Items listed in a dataset:
########

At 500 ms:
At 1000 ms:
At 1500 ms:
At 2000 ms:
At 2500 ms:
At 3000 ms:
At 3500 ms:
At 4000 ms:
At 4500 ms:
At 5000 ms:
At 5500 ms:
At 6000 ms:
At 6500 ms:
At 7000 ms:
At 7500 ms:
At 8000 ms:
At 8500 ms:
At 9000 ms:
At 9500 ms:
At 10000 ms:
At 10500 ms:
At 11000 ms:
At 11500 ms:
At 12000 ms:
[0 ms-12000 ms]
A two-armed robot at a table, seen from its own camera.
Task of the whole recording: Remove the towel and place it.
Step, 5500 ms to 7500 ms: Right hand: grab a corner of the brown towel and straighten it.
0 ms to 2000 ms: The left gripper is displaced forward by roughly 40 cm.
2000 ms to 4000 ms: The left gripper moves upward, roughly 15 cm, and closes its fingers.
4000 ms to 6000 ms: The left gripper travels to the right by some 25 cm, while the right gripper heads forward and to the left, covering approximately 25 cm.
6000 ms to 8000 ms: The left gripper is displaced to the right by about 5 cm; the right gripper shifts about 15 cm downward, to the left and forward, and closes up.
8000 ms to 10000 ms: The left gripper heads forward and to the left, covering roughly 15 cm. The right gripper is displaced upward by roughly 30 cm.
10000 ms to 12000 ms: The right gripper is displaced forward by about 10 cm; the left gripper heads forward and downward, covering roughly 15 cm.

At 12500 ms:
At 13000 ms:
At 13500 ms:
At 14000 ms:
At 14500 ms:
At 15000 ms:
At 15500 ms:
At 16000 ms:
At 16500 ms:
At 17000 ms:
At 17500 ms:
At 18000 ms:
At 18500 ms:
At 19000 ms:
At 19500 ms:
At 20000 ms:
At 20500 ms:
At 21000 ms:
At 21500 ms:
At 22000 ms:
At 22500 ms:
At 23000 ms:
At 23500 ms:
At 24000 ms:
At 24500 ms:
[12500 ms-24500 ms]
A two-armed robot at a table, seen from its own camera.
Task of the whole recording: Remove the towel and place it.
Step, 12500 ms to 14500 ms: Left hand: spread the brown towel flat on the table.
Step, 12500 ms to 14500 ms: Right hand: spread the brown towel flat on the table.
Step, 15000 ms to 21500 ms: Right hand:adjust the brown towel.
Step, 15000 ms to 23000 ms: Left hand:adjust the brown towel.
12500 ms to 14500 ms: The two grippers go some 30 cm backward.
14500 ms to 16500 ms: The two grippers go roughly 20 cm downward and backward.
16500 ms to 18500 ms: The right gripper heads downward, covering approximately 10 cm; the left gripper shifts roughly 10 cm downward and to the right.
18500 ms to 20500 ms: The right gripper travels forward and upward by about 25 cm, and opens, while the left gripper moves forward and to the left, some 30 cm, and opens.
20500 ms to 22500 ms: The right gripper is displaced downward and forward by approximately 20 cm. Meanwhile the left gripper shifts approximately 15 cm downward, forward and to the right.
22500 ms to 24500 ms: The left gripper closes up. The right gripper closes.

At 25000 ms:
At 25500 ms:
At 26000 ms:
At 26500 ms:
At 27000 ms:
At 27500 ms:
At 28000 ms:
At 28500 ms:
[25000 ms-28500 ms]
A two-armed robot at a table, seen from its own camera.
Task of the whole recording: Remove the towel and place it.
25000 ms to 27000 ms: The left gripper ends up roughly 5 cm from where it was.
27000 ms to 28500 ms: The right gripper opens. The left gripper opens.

########

PROBLEM REQUIREMENTS: Exactly as written, output all of the entries.

RESPONSE FOR THIS EXERCISE:
At 500 ms:
At 1000 ms:
At 1500 ms:
At 2000 ms:
At 2500 ms:
At 3000 ms:
At 3500 ms:
At 4000 ms:
At 4500 ms:
At 5000 ms:
At 5500 ms:
At 6000 ms:
At 6500 ms:
At 7000 ms:
At 7500 ms:
At 8000 ms:
At 8500 ms:
At 9000 ms:
At 9500 ms:
At 10000 ms:
At 10500 ms:
At 11000 ms:
At 11500 ms:
At 12000 ms:
[0 ms-12000 ms]
A two-armed robot at a table, seen from its own camera.
Task of the whole recording: Remove the towel and place it.
Step, 5500 ms to 7500 ms: Right hand: grab a corner of the brown towel and straighten it.
0 ms to 2000 ms: The left gripper is displaced forward by roughly 40 cm.
2000 ms to 4000 ms: The left gripper moves upward, roughly 15 cm, and closes its fingers.
4000 ms to 6000 ms: The left gripper travels to the right by some 25 cm, while the right gripper heads forward and to the left, covering approximately 25 cm.
6000 ms to 8000 ms: The left gripper is displaced to the right by about 5 cm; the right gripper shifts about 15 cm downward, to the left and forward, and closes up.
8000 ms to 10000 ms: The left gripper heads forward and to the left, covering roughly 15 cm. The right gripper is displaced upward by roughly 30 cm.
10000 ms to 12000 ms: The right gripper is displaced forward by about 10 cm; the left gripper heads forward and downward, covering roughly 15 cm.

At 12500 ms:
At 13000 ms:
At 13500 ms:
At 14000 ms:
At 14500 ms:
At 15000 ms:
At 15500 ms:
At 16000 ms:
At 16500 ms:
At 17000 ms:
At 17500 ms:
At 18000 ms:
At 18500 ms:
At 19000 ms:
At 19500 ms:
At 20000 ms:
At 20500 ms:
At 21000 ms:
At 21500 ms:
At 22000 ms:
At 22500 ms:
At 23000 ms:
At 23500 ms:
At 24000 ms:
At 24500 ms:
[12500 ms-24500 ms]
A two-armed robot at a table, seen from its own camera.
Task of the whole recording: Remove the towel and place it.
Step, 12500 ms to 14500 ms: Left hand: spread the brown towel flat on the table.
Step, 12500 ms to 14500 ms: Right hand: spread the brown towel flat on the table.
Step, 15000 ms to 21500 ms: Right hand:adjust the brown towel.
Step, 15000 ms to 23000 ms: Left hand:adjust the brown towel.
12500 ms to 14500 ms: The two grippers go some 30 cm backward.
14500 ms to 16500 ms: The two grippers go roughly 20 cm downward and backward.
16500 ms to 18500 ms: The right gripper heads downward, covering approximately 10 cm; the left gripper shifts roughly 10 cm downward and to the right.
18500 ms to 20500 ms: The right gripper travels forward and upward by about 25 cm, and opens, while the left gripper moves forward and to the left, some 30 cm, and opens.
20500 ms to 22500 ms: The right gripper is displaced downward and forward by approximately 20 cm. Meanwhile the left gripper shifts approximately 15 cm downward, forward and to the right.
22500 ms to 24500 ms: The left gripper closes up. The right gripper closes.

At 25000 ms:
At 25500 ms:
At 26000 ms:
At 26500 ms:
At 27000 ms:
At 27500 ms:
At 28000 ms:
At 28500 ms:
[25000 ms-28500 ms]
A two-armed robot at a table, seen from its own camera.
Task of the whole recording: Remove the towel and place it.
25000 ms to 27000 ms: The left gripper ends up roughly 5 cm from where it was.
27000 ms to 28500 ms: The right gripper opens. The left gripper opens.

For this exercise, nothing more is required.